而在谢九晏眼中,时卿此刻的反应,比任何言语都更具毁灭性。
他的眸光一瞬间失去了所有光彩,仿佛灵魂被先一步碾碎,徒留一具空茫濒死的躯壳。
“嗬……”
破碎绝望的抽气声从他喉间溢出,像是被无形的巨山狠狠砸断了脊梁,他再也支撑不住,身躯剧烈地颤抖了一下,缓缓地、彻底地匍匐下去。
胸前的伤处骤然撕裂,鲜血如决堤般涌出,在他身下洇开一片暗红,如同快速绽放又凋零的死亡之花。
看着蜷缩在血泊中、气息微弱的男子,许久,时卿双眉微微蹙起。
终究无法视若无睹。
她覆落眼帘,缓缓俯下身,平静地朝谢九晏探出手,准备将他扶起。
谢九晏的意识已在剧痛与失血的侵袭下模糊不清,却仍在时卿靠近的瞬间,捕捉到了那缕若有似无的冷香——
那是这百年间,她每次夜巡归来时,从未曾更改的气息。
如同烙印在灵魂最深处的本能,他猛地抬起那只沾满血污的手,死死攥住了她纤细的手腕!
指节如铁箍般深陷,力道之大,几乎要嵌入她的骨节深处。
“阿卿……”
时卿垂眸,却见谢九晏的薄唇微微翕动,大半面容依旧深埋在冰冷的尘埃与散乱的墨发之中,看不清神情。

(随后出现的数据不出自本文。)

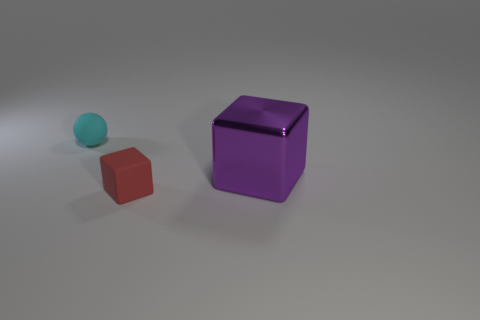How many matte things are tiny blue blocks or purple blocks? The image shows one tiny blue spherical object and one larger purple cube. If we are considering matte texture and the specific shapes as blocks, there are no tiny blue blocks. The purple object, while it is a block, is not tiny, hence the answer is 0. 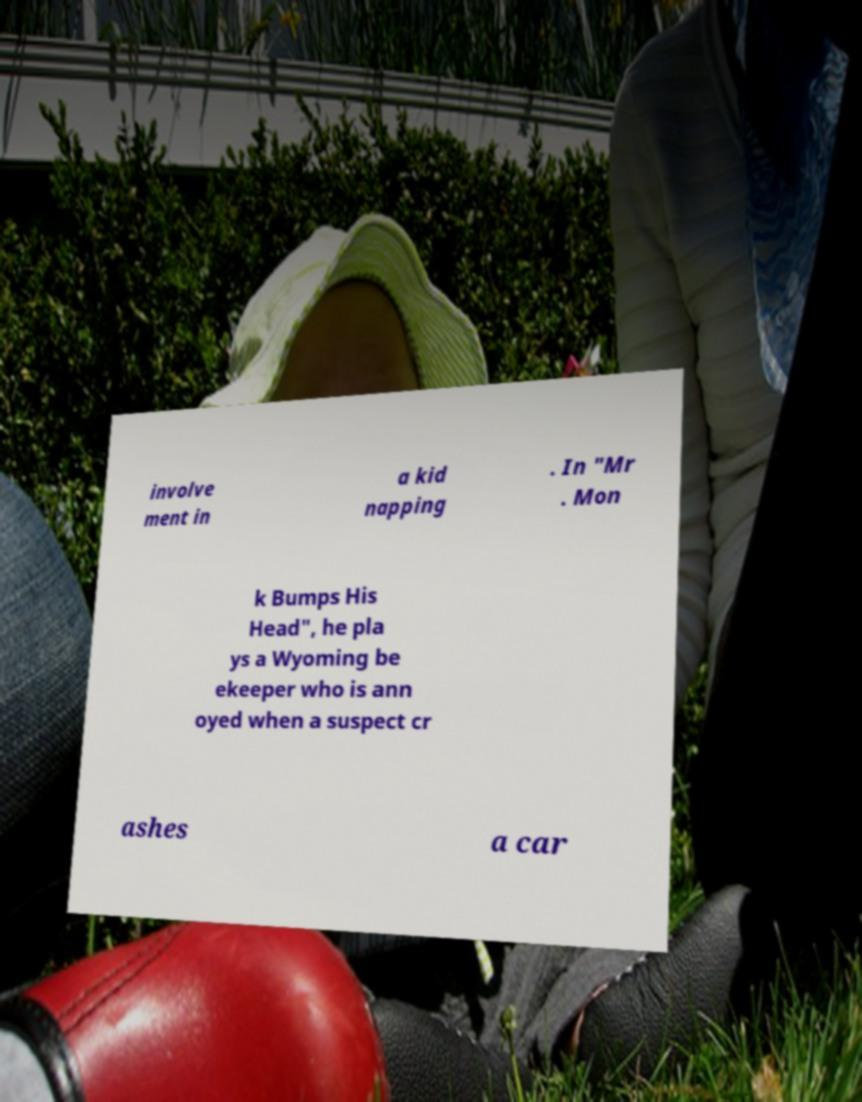What messages or text are displayed in this image? I need them in a readable, typed format. involve ment in a kid napping . In "Mr . Mon k Bumps His Head", he pla ys a Wyoming be ekeeper who is ann oyed when a suspect cr ashes a car 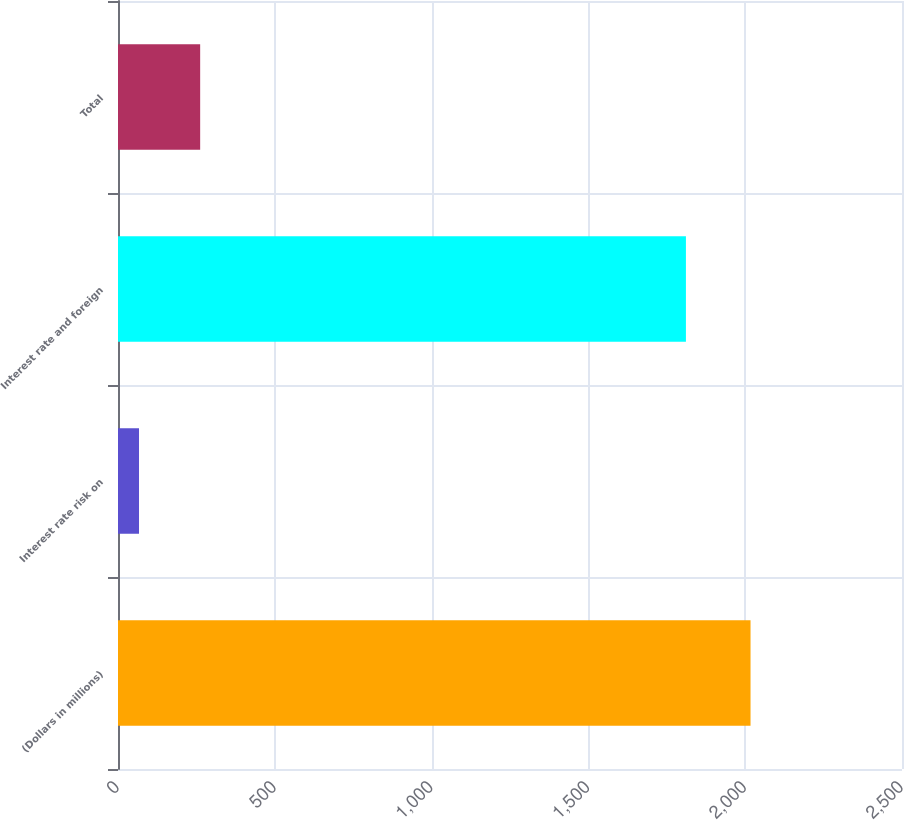Convert chart to OTSL. <chart><loc_0><loc_0><loc_500><loc_500><bar_chart><fcel>(Dollars in millions)<fcel>Interest rate risk on<fcel>Interest rate and foreign<fcel>Total<nl><fcel>2017<fcel>67<fcel>1811<fcel>262<nl></chart>

只有断断续续、如同风中残烛般微弱的呓语,颤抖着传入她的耳中。
“我错了……”
第53章
冰冷、粘腻、无边无际的黑暗。
谢九晏感觉自己沉入了一片深不见底的泥沼,每一次挣扎,那湿滑沉重的淤泥都更凶猛地裹缠上来,挤压着他的胸腔,掠夺着所剩无几的气息。

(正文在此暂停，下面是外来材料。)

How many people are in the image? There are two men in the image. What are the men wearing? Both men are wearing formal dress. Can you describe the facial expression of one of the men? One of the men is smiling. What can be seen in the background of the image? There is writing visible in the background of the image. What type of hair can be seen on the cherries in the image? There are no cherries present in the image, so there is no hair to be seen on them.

感官如同被毒蛇缚住,越收越紧,他越是奋力想要挣脱,越是下陷得更深、更快。
肺腑间灼痛蔓延,喉咙却发不出半点声响,唯有识海深处回荡着无声的尖啸——
放弃吧……
就这样沉沦下去吧。
这个念头如同附骨之疽,啃噬着他残余的清醒,终于,他不再抵抗,任由那黏稠的淤泥漫过口鼻,将最后一点神智也吞没殆尽……
就在意识即将彻底溃散的瞬间——
腕间蓦地一沉!
一只微凉如玉的手,轻而易举地穿透了所有的死寂,精准地攥住了他的腕骨。
下一瞬,原本纠缠不休的泥沼霎时偃息,谢九晏只觉身体一轻,仿佛被一股柔和却沛然的暖风托起,骤然远离了那片窒息之地。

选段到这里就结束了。